Pegylated liposomal doxorubicin with vinorelbine in metastatic breast carcinoma. A phase I-II clinical investigation.

A multicenter phase I-II trial was carried out with the aim of identifying the dose-limiting toxicity and the maximum tolerated dose of vinorelbine (VNR) in combination with pegylated liposomal doxorubicin at a dose of 20 mg/m(2) every 15 days in patients with metastatic breast carcinoma. In the phase I part of the trial, VNR was given at a dose of 20 mg/m(2) every 15 days to a group of 3 patients. In absence of unacceptable toxicity, VNR was escalated to 25, 30, and 35 mg/m(2) for subsequent groups of 3 patients, until the dose-limiting toxicity was reached. No case of palmar-plantar erythrodysesthesia was recorded in these patients.

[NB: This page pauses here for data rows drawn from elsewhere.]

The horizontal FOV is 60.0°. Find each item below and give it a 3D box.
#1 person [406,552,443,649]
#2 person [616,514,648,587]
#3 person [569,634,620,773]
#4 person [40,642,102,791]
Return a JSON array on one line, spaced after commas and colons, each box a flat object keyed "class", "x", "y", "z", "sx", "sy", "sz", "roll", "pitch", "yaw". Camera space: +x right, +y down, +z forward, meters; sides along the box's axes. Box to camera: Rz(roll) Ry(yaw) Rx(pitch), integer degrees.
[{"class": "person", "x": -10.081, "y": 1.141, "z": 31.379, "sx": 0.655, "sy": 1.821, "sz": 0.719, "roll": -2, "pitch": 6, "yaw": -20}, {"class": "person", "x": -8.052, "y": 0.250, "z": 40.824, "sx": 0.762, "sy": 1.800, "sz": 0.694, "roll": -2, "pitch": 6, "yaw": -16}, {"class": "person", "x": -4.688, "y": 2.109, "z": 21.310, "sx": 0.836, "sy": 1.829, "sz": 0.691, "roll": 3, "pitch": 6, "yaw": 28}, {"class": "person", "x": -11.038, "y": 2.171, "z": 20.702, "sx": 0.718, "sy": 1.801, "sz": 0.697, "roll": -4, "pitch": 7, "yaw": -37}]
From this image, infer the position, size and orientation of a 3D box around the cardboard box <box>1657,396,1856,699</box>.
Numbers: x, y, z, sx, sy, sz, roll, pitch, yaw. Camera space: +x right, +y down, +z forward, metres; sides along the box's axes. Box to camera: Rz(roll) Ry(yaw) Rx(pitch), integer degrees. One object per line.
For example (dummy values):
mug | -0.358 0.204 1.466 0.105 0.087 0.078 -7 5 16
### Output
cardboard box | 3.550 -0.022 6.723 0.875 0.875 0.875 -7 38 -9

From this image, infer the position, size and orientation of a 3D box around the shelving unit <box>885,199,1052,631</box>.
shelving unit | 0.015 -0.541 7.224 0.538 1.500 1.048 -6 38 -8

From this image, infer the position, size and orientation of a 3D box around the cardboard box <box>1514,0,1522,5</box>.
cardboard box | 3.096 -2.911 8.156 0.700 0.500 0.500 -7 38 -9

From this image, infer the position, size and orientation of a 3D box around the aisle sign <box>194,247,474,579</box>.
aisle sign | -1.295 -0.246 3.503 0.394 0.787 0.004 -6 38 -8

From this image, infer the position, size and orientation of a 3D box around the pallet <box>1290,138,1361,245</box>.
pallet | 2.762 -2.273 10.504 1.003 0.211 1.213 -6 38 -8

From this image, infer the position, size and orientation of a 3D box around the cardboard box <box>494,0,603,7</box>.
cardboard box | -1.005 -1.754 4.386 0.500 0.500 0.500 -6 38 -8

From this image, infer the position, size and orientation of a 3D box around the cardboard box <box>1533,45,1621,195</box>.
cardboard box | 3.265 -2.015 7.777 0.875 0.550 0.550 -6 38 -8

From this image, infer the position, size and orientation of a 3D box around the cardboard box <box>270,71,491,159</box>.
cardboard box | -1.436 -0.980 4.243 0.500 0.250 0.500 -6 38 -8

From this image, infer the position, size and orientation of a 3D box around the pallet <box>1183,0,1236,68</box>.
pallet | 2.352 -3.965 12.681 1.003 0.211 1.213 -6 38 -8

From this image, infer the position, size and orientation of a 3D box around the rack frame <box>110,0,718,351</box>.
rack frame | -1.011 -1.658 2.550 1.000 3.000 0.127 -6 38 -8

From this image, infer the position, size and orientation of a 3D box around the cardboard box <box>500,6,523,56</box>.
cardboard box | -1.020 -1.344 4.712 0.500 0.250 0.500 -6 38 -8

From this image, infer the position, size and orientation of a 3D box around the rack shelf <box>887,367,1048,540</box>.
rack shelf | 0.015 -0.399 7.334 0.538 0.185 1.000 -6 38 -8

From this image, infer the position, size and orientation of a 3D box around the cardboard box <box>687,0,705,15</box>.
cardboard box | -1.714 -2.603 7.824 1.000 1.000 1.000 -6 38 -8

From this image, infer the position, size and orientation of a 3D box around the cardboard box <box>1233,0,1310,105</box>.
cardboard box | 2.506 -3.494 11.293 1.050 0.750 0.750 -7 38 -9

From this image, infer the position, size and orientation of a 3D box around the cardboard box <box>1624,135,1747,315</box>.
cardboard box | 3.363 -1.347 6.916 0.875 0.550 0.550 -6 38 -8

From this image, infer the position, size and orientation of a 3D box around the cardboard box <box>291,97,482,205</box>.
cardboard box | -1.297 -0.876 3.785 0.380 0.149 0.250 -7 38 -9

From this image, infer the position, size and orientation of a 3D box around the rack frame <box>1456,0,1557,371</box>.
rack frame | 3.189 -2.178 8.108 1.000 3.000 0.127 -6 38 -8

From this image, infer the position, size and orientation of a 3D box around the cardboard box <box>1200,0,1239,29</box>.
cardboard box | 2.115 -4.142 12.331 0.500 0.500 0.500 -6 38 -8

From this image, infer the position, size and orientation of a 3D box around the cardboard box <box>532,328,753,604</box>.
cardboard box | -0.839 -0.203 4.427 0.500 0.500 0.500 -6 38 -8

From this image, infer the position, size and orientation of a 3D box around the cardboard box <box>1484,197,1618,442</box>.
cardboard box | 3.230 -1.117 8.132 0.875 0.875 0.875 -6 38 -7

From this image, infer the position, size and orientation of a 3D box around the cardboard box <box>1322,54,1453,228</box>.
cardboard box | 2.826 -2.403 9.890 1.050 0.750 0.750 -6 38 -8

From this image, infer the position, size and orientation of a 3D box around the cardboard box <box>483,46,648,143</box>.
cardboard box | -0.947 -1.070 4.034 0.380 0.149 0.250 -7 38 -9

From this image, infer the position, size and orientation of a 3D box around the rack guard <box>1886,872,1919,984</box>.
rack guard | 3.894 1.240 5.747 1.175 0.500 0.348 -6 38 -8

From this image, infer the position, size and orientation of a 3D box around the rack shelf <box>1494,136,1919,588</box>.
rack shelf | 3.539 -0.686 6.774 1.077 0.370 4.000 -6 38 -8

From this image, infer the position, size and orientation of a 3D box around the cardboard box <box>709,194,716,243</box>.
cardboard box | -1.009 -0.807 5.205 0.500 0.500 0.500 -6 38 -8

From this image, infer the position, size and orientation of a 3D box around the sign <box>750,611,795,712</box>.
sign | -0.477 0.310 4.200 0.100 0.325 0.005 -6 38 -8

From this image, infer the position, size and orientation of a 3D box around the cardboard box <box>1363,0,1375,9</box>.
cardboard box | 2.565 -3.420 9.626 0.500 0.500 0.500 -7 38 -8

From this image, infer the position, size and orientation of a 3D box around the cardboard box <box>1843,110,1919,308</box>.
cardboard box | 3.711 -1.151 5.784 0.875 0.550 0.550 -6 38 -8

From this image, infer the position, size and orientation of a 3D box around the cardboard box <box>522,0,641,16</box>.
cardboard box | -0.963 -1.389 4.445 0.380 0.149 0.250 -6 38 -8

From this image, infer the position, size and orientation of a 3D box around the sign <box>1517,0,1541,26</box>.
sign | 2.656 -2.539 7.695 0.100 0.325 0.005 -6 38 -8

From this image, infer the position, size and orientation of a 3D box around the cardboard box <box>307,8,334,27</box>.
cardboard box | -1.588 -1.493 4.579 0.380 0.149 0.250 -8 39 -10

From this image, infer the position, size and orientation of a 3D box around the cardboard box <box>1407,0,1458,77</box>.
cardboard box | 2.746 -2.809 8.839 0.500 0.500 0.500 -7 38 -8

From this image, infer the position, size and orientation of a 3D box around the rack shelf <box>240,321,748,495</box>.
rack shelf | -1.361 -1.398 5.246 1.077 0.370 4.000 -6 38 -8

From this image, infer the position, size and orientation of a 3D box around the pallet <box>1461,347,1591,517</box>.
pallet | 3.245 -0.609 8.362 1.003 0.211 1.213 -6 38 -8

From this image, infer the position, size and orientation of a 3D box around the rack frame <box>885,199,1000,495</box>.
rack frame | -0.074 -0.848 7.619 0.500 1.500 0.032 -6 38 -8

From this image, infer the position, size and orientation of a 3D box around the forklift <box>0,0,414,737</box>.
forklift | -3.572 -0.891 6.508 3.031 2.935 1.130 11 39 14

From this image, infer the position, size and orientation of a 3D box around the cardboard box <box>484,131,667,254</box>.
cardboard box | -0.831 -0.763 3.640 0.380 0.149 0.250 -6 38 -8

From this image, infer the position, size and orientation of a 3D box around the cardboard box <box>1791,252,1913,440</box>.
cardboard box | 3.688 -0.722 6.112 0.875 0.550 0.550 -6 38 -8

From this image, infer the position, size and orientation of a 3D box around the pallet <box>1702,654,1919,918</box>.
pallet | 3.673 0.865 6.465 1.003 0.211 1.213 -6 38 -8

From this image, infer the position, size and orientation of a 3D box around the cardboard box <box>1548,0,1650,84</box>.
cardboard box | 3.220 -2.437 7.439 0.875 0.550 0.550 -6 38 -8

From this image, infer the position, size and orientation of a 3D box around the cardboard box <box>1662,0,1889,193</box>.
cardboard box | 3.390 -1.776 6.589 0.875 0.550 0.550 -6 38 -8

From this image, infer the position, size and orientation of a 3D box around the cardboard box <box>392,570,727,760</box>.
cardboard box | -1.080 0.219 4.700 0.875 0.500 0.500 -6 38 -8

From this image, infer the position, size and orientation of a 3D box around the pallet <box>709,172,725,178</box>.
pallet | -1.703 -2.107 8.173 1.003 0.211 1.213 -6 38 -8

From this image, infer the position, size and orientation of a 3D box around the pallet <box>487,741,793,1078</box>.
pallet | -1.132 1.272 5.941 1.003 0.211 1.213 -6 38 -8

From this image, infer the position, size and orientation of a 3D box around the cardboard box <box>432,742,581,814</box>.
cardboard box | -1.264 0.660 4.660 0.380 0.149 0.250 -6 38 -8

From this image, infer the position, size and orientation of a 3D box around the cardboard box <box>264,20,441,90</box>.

Grade 4 neutropenia, grade 3 thrombocytopenia, and grade 3 mucositis were the dose-limiting toxicities recorded in patients treated with VNR 35 mg/m(2). These side effects caused a substantial decrease in programmed dose intensity. Therefore 30 mg/m(2) was considered the maximum tolerated dose of VNR in combination with pegylated liposomal doxorubicin 20 mg/m(2), both given every 15 days. These dosages were employed for the treatment of further 18 patients included in phase II of the study. The overall response rate, calculated according to an intention to treat analysis, was 63% (95% CI: 44-80%), with 2 patients achieving a complete response. The median time to progression was 7.0 months or more (range 2-14 months). Median duration of objective responses was 8.4 months or more. The duration of the 2 complete responses was 9 and 14 months, respectively. Median duration of survival was 16.0 months or more (range from 4.0 to >or=24.0). Toxicity was generally mild and easily manageable. Neutropenia and mucositis were the most frequently recorded side effects. A case of palmar-plantar erythrodysesthesia was recorded in phase II of the study. In conclusion, the maximum tolerated dose of VNR in association with pegylated liposomal doxorubicin is 30 mg/m(2) on a bimonthly schedule. Moreover, the combination of VNR and pegylated liposomal doxorubicin is active against metastatic breast carcinoma and is associated with a good toxicity profile. Further studies with this combination regimen are warranted.